(Beginning of Exercise materials)
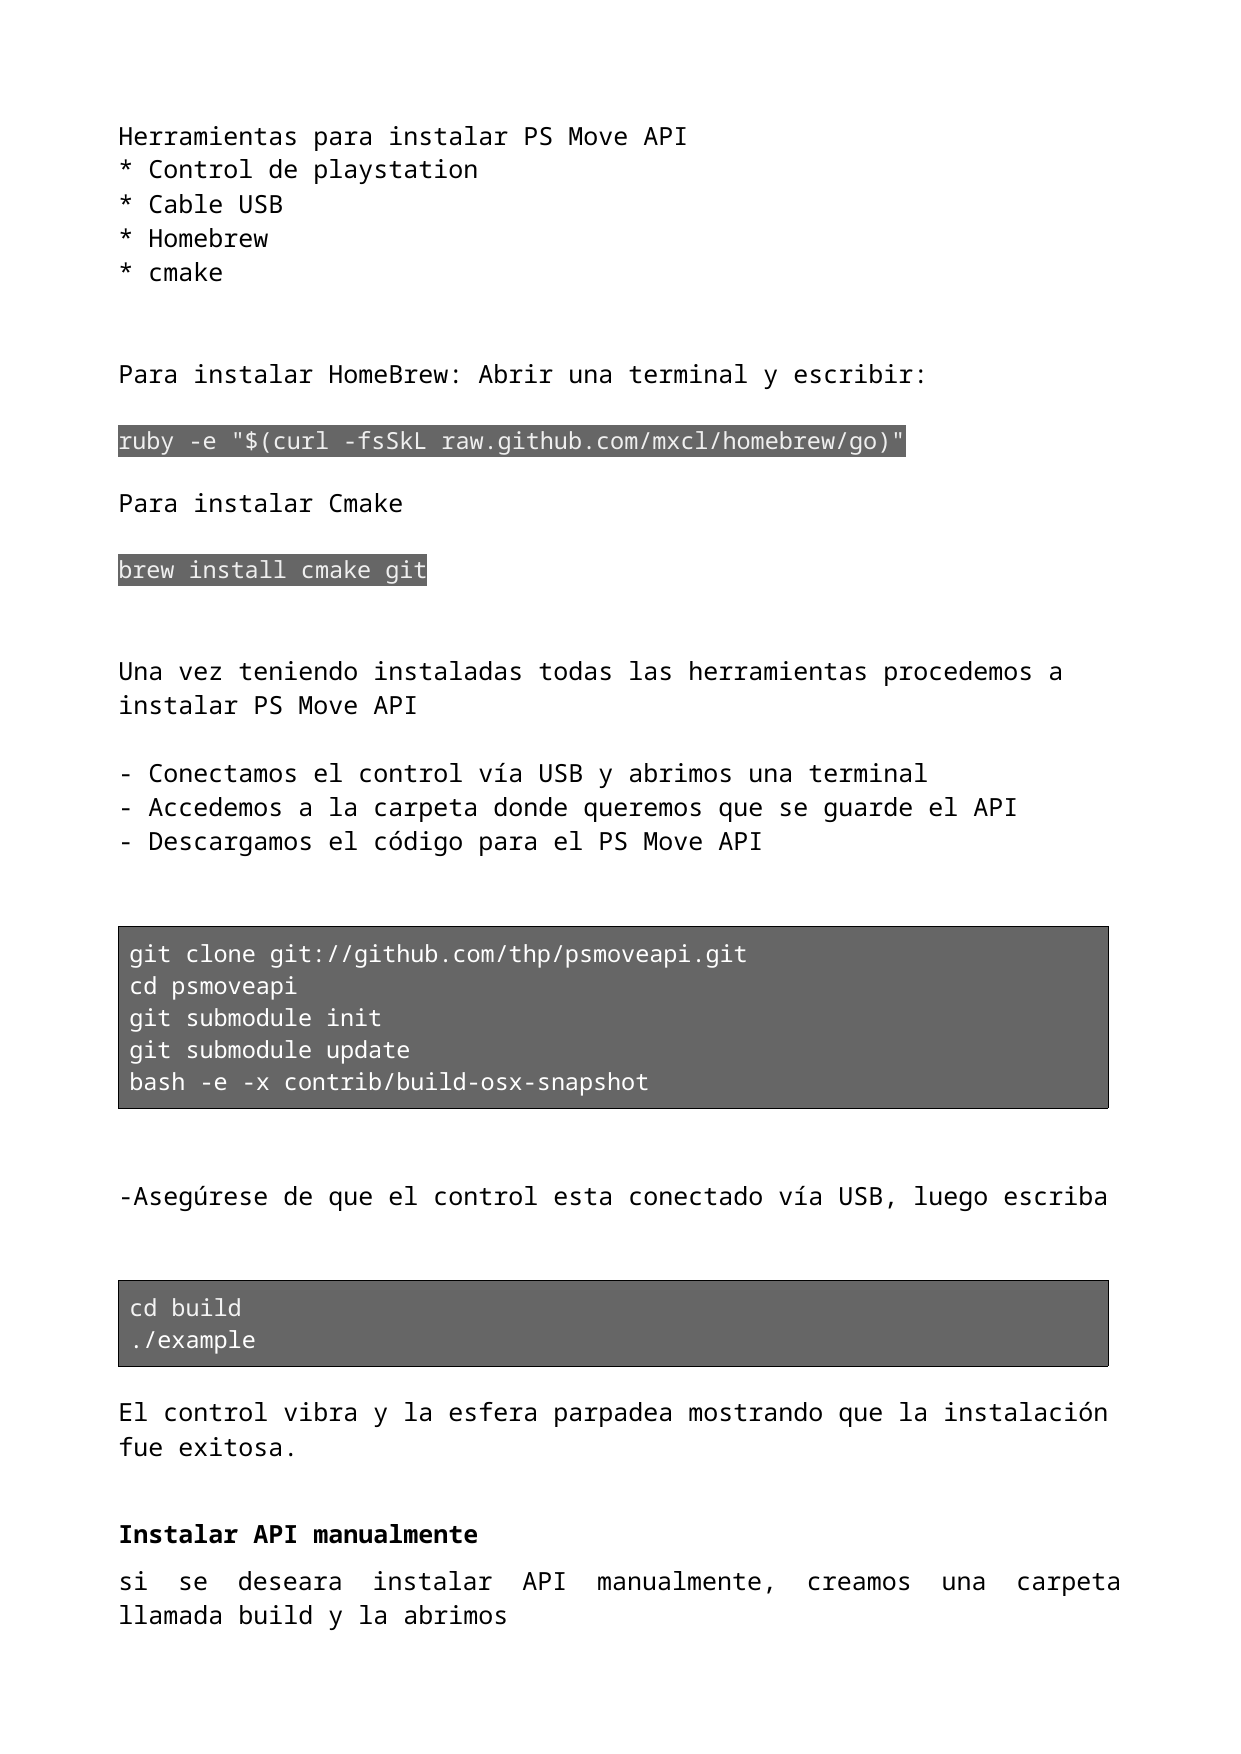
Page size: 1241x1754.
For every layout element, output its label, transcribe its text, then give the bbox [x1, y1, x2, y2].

text * Control de playstation [118, 152, 1122, 186]
text Para instalar Cmake [118, 485, 1122, 519]
table_header cd build ./example [119, 1281, 1108, 1366]
text - Descargamos el código para el PS Move API [118, 824, 1122, 858]
table_header git clone git://github.com/thp/psmoveapi.git cd psmoveapi git submodule init git submodule update bash -e -x contrib/build-osx-snapshot [119, 927, 1108, 1108]
text Herramientas para instalar PS Move API [118, 118, 1122, 152]
text brew install cmake git [118, 553, 1122, 619]
text * Cable USB [118, 186, 1122, 220]
text - Accedemos a la carpeta donde queremos que se guarde el API [118, 790, 1122, 824]
text Para instalar HomeBrew: Abrir una terminal y escribir: [118, 357, 1122, 391]
text * cmake [118, 254, 1122, 288]
text * Homebrew [118, 220, 1122, 254]
text Una vez teniendo instaladas todas las herramientas procedemos a instalar PS Move API [118, 654, 1122, 722]
text - Conectamos el control vía USB y abrimos una terminal [118, 756, 1122, 790]
text -Asegúrese de que el control esta conectado vía USB, luego escriba [118, 1178, 1122, 1212]
text ruby -e "$(curl -fsSkL raw.github.com/mxcl/homebrew/go)" [118, 425, 1122, 485]
text Instalar API manualmente [118, 1517, 1122, 1551]
text si se deseara instalar API manualmente, creamos una carpeta llamada build y la abrimos [118, 1563, 1122, 1632]
text El control vibra y la esfera parpadea mostrando que la instalación fue exitosa. [118, 1366, 1122, 1463]
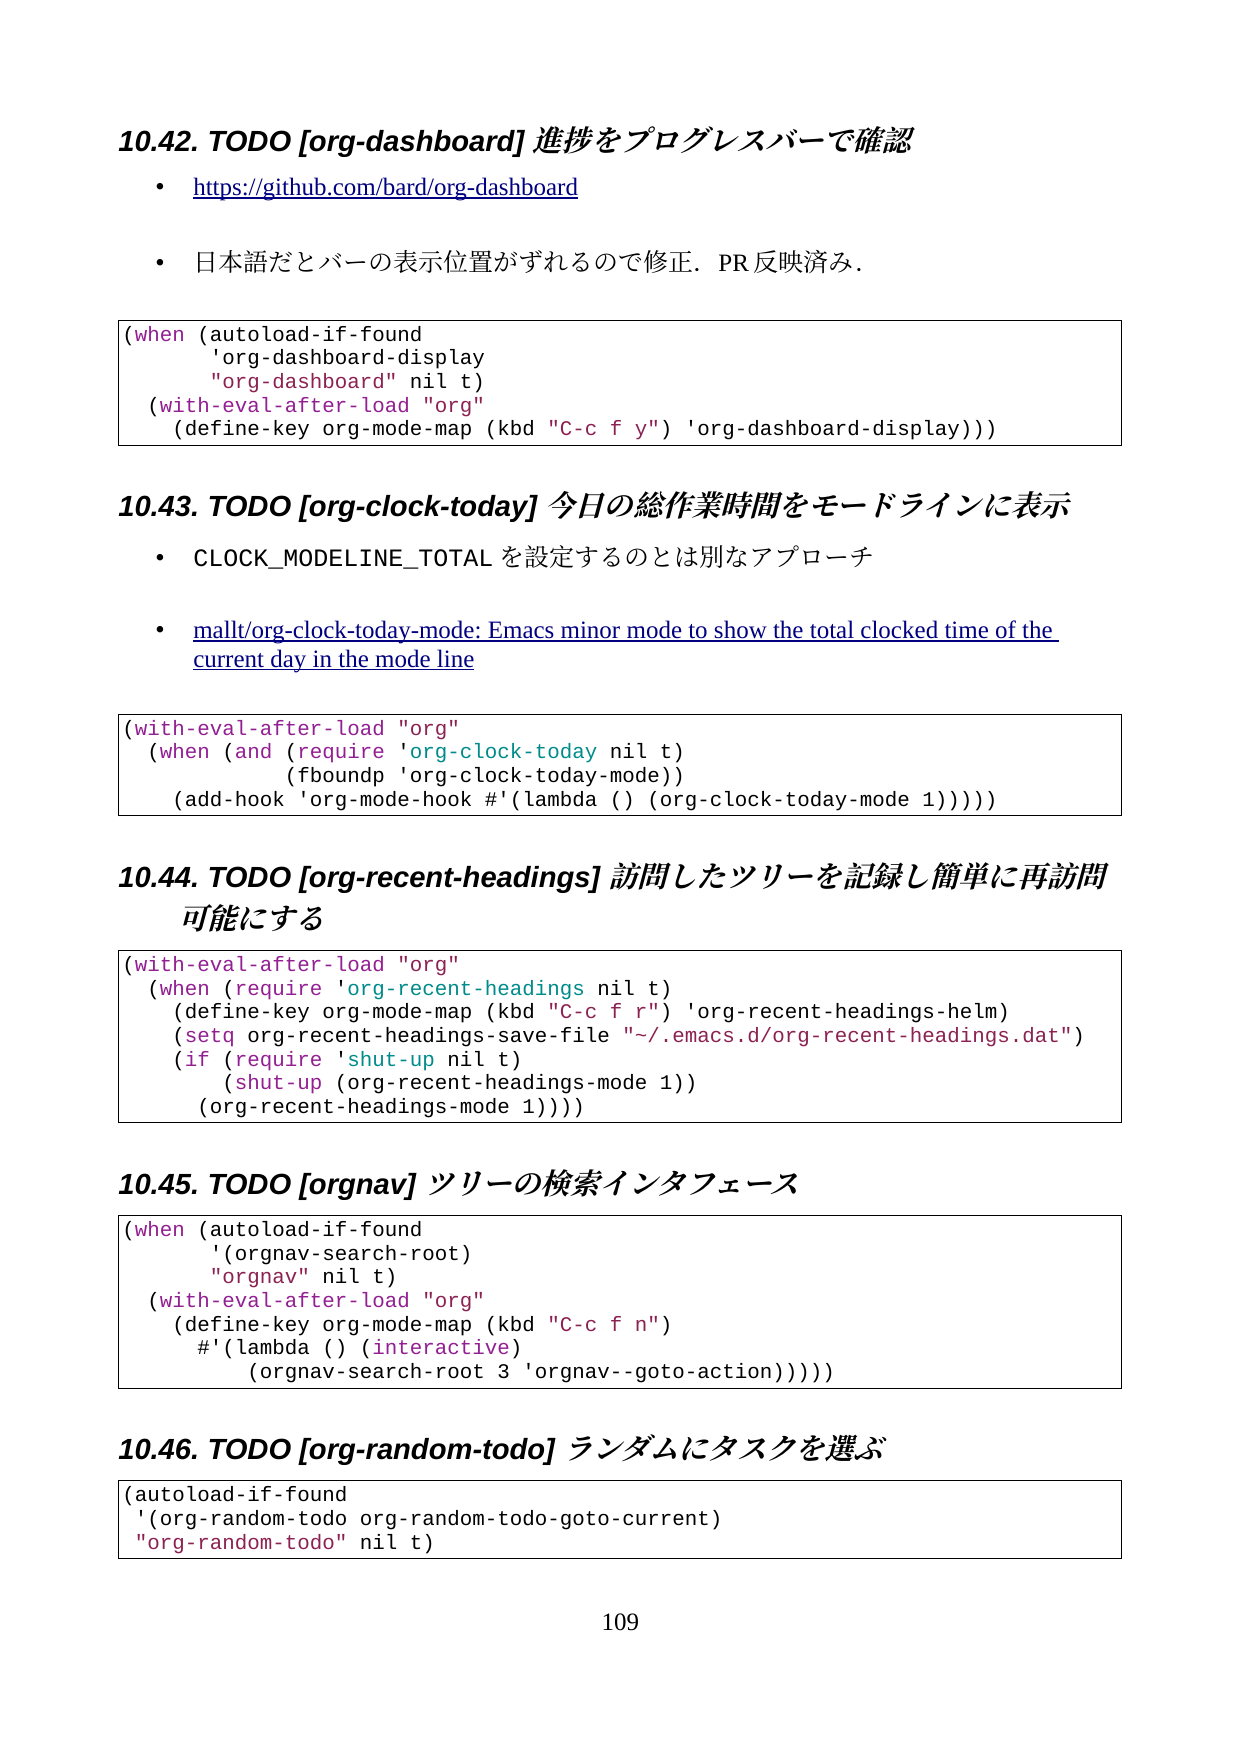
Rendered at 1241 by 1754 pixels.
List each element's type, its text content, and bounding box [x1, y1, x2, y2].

text "org-random-todo" nil t) [119, 1528, 1121, 1558]
text (org-recent-headings-mode 1)))) [119, 1092, 1121, 1122]
subtitle TODO [org-dashboard] 進捗をプログレスバーで確認 [118, 118, 1122, 160]
text #'(lambda () (interactive) [119, 1333, 1121, 1357]
text (setq org-recent-headings-save-file "~/.emacs.d/org-recent-headings.dat") [119, 1021, 1121, 1044]
text 'org-dashboard-display [119, 343, 1121, 367]
text "orgnav" nil t) [119, 1262, 1121, 1286]
text (when (autoload-if-found [119, 321, 1121, 343]
text "org-dashboard" nil t) [119, 367, 1121, 391]
subtitle TODO [org-clock-today] 今日の総作業時間をモードラインに表示 [118, 483, 1122, 525]
text (autoload-if-found [119, 1481, 1121, 1504]
text (if (require 'shut-up nil t) [119, 1044, 1121, 1068]
text (orgnav-search-root 3 'orgnav--goto-action))))) [119, 1357, 1121, 1388]
list CLOCK_MODELINE_TOTAL を設定するのとは別なアプローチ [156, 538, 1122, 603]
text (define-key org-mode-map (kbd "C-c f r") 'org-recent-headings-helm) [119, 997, 1121, 1021]
text (with-eval-after-load "org" [119, 1286, 1121, 1310]
subtitle TODO [org-recent-headings] 訪問したツリーを記録し簡単に再訪問可能にする [118, 854, 1122, 937]
list 日本語だとバーの表示位置がずれるので修正．PR反映済み． [156, 242, 1122, 307]
text (shut-up (org-recent-headings-mode 1)) [119, 1068, 1121, 1092]
subtitle TODO [org-random-todo] ランダムにタスクを選ぶ [118, 1426, 1122, 1468]
text (fboundp 'org-clock-today-mode)) [119, 761, 1121, 785]
text (with-eval-after-load "org" [119, 391, 1121, 414]
text (define-key org-mode-map (kbd "C-c f n") [119, 1310, 1121, 1333]
text (when (autoload-if-found [119, 1216, 1121, 1239]
text '(org-random-todo org-random-todo-goto-current) [119, 1504, 1121, 1528]
list https://github.com/bard/org-dashboard [156, 172, 1122, 230]
text (with-eval-after-load "org" [119, 715, 1121, 737]
subtitle TODO [orgnav] ツリーの検索インタフェース [118, 1161, 1122, 1203]
text (when (and (require 'org-clock-today nil t) [119, 737, 1121, 761]
text (add-hook 'org-mode-hook #'(lambda () (org-clock-today-mode 1))))) [119, 785, 1121, 815]
text (when (require 'org-recent-headings nil t) [119, 974, 1121, 997]
text '(orgnav-search-root) [119, 1239, 1121, 1262]
text (with-eval-after-load "org" [119, 951, 1121, 974]
list mallt/org-clock-today-mode: Emacs minor mode to show the total clocked time of the current day in the mode line [156, 615, 1122, 701]
text (define-key org-mode-map (kbd "C-c f y") 'org-dashboard-display))) [119, 414, 1121, 445]
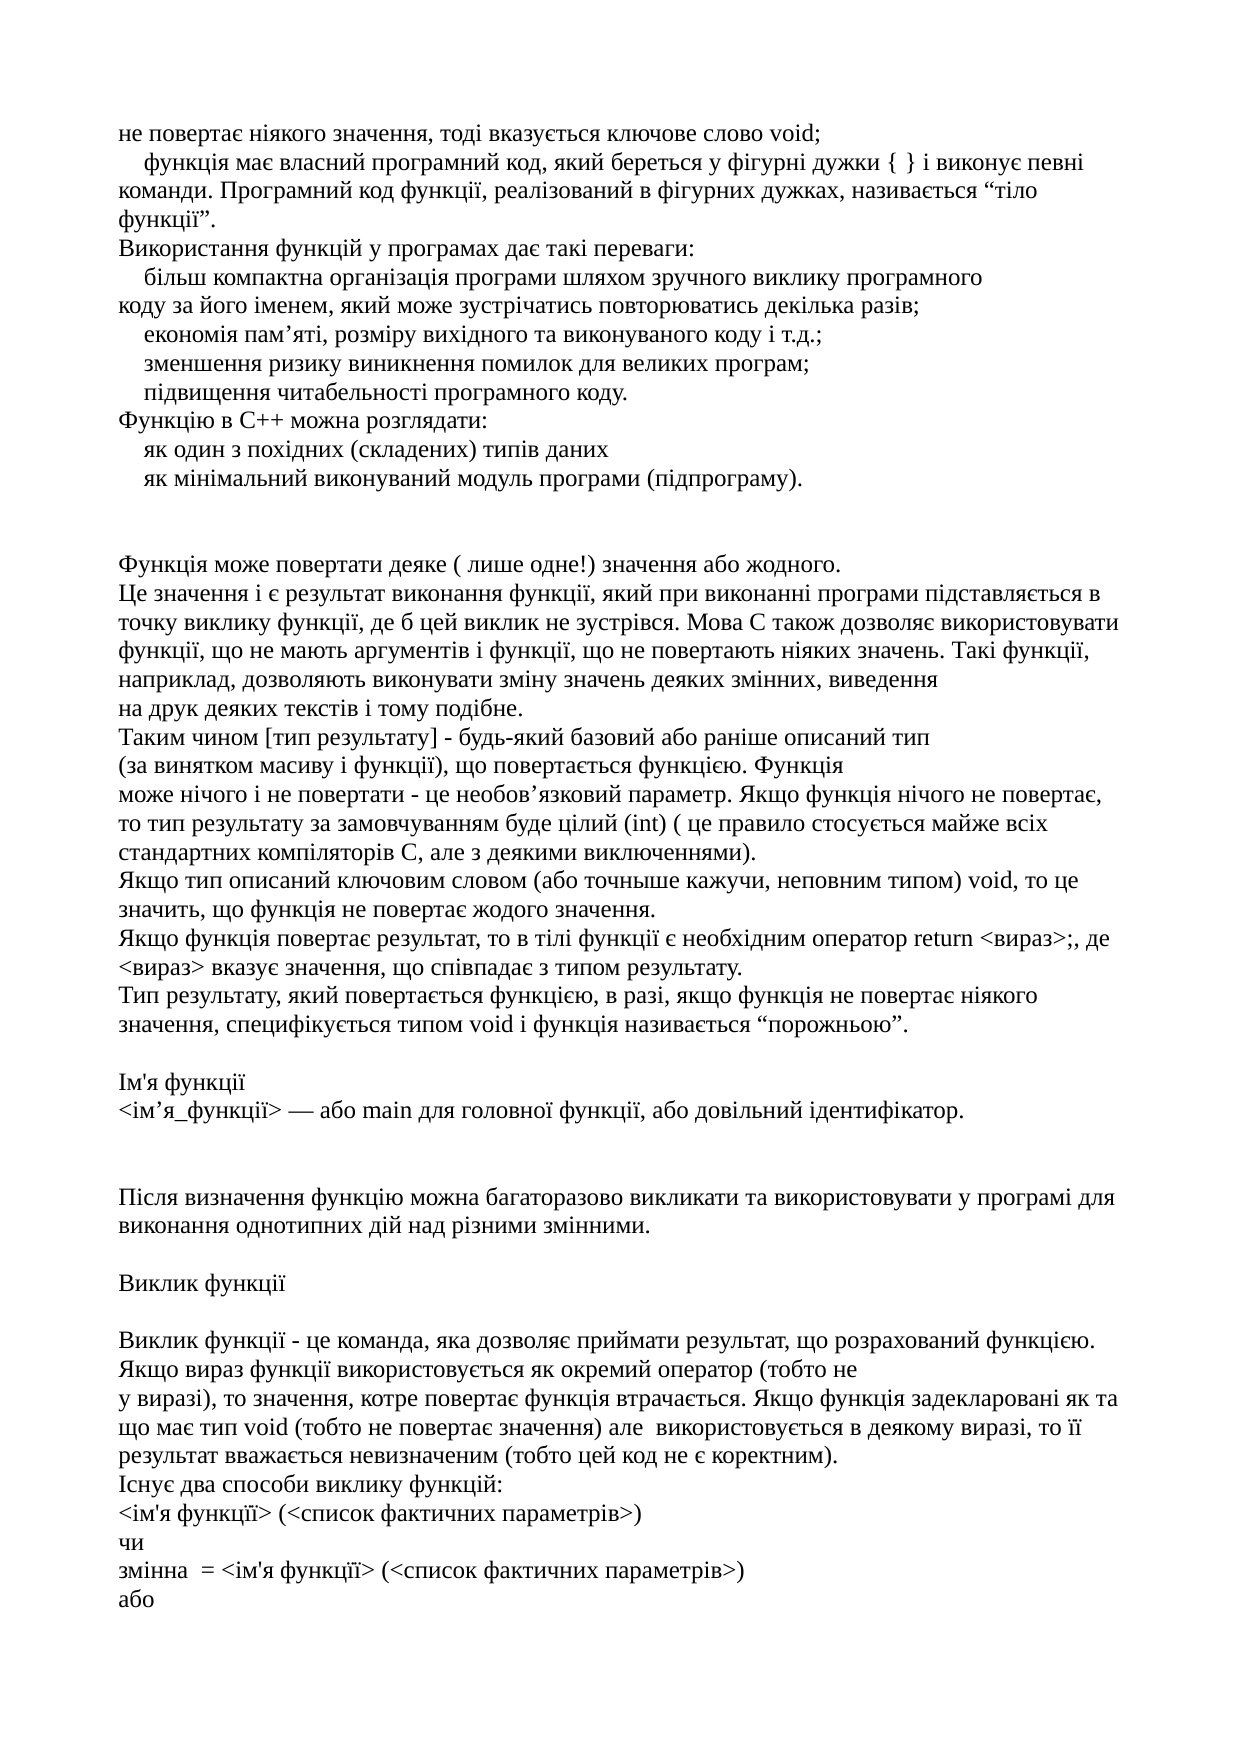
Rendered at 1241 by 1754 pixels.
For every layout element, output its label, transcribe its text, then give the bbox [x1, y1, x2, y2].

text (за винятком масиву і функції), що повертається функцією. Функція [118, 751, 1122, 779]
text  підвищення читабельності програмного коду. [118, 377, 1122, 406]
text Ім'я функції [118, 1067, 1122, 1096]
text на друк деяких текстів і тому подібне. [118, 693, 1122, 722]
text <ім'я функцїї> (<список фактичних параметрів>) [118, 1498, 1122, 1527]
text чи [118, 1527, 1122, 1556]
text Використання функцій у програмах дає такі переваги: [118, 233, 1122, 262]
text у виразі), то значення, котре повертає функція втрачається. Якщо функція задекларовані як та що має тип void (тобто не повертає значення) але використовується в деякому виразі, то її результат вважається невизначеним (тобто цей код не є коректним). [118, 1383, 1122, 1469]
text не повертає ніякого значення, тоді вказується ключове слово void; [118, 118, 1122, 147]
text <ім’я_функції> — або main для головної функції, або довільний ідентифікатор. [118, 1096, 1122, 1124]
text  більш компактна організація програми шляхом зручного виклику програмного [118, 262, 1122, 291]
text  економія пам’яті, розміру вихідного та виконуваного коду і т.д.; [118, 319, 1122, 348]
text функції, що не мають аргументів і функції, що не повертають ніяких значень. Такі функції, наприклад, дозволяють виконувати зміну значень деяких змінних, виведення [118, 636, 1122, 693]
text Це значення і є результат виконання функції, який при виконанні програми підставляється в точку виклику функції, де б цей виклик не зустрівся. Мова C також дозволяє використовувати [118, 578, 1122, 636]
text або [118, 1584, 1122, 1613]
text Виклик функції [118, 1268, 1122, 1297]
text Тип результату, який повертається функцією, в разі, якщо функція не повертає ніякого значення, специфікується типом void і функція називається “порожньою”. [118, 981, 1122, 1038]
text Функцію в С++ можна розглядати: [118, 406, 1122, 434]
text  зменшення ризику виникнення помилок для великих програм; [118, 348, 1122, 377]
text Функція може повертати деяке ( лише одне!) значення або жодного. [118, 549, 1122, 578]
text  функція має власний програмний код, який береться у фігурні дужки { } і виконує певні команди. Програмний код функції, реалізований в фігурних дужках, називається “тіло функції”. [118, 147, 1122, 233]
text  як мінімальний виконуваний модуль програми (підпрограму). [118, 463, 1122, 492]
text  як один з похідних (складених) типів даних [118, 434, 1122, 463]
text змінна = <ім'я функцїї> (<список фактичних параметрів>) [118, 1556, 1122, 1584]
text може нічого і не повертати - це необов’язковий параметр. Якщо функція нічого не повертає, то тип результату за замовчуванням буде цілий (int) ( це правило стосується майже всіх стандартних компіляторів C, але з деякими виключеннями). [118, 779, 1122, 866]
text Після визначення функцію можна багаторазово викликати та використовувати у програмі для [118, 1182, 1122, 1211]
text виконання однотипних дій над різними змінними. [118, 1211, 1122, 1239]
text Якщо тип описаний ключовим словом (або точныше кажучи, неповним типом) void, то це значить, що функція не повертає жодого значення. [118, 866, 1122, 923]
text Виклик функції - це команда, яка дозволяє приймати результат, що розрахований функцією. Якщо вираз функції використовується як окремий оператор (тобто не [118, 1326, 1122, 1383]
text Якщо функція повертає результат, то в тілі функції є необхідним оператор return <вираз>;, де <вираз> вказує значення, що співпадає з типом результату. [118, 923, 1122, 981]
text Таким чином [тип результату] - будь-який базовий або раніше описаний тип [118, 722, 1122, 751]
text коду за його іменем, який може зустрічатись повторюватись декілька разів; [118, 291, 1122, 319]
text Існує два способи виклику функцій: [118, 1469, 1122, 1498]
(End of Exercise materials)
Directions:
Using the entries above, give again exactly the lines from the line holding "table_header git clone" through the line holding "text El control". Include both end lines and nothing else.

Task response:
table_header git clone git://github.com/thp/psmoveapi.git cd psmoveapi git submodule init git submodule update bash -e -x contrib/build-osx-snapshot [119, 927, 1108, 1108]
text Herramientas para instalar PS Move API [118, 118, 1122, 152]
text brew install cmake git [118, 553, 1122, 619]
text * Cable USB [118, 186, 1122, 220]
text - Accedemos a la carpeta donde queremos que se guarde el API [118, 790, 1122, 824]
text Para instalar HomeBrew: Abrir una terminal y escribir: [118, 357, 1122, 391]
text * cmake [118, 254, 1122, 288]
text * Homebrew [118, 220, 1122, 254]
text Una vez teniendo instaladas todas las herramientas procedemos a instalar PS Move API [118, 654, 1122, 722]
text - Conectamos el control vía USB y abrimos una terminal [118, 756, 1122, 790]
text -Asegúrese de que el control esta conectado vía USB, luego escriba [118, 1178, 1122, 1212]
text ruby -e "$(curl -fsSkL raw.github.com/mxcl/homebrew/go)" [118, 425, 1122, 485]
text Instalar API manualmente [118, 1517, 1122, 1551]
text si se deseara instalar API manualmente, creamos una carpeta llamada build y la abrimos [118, 1563, 1122, 1632]
text El control vibra y la esfera parpadea mostrando que la instalación fue exitosa. [118, 1366, 1122, 1463]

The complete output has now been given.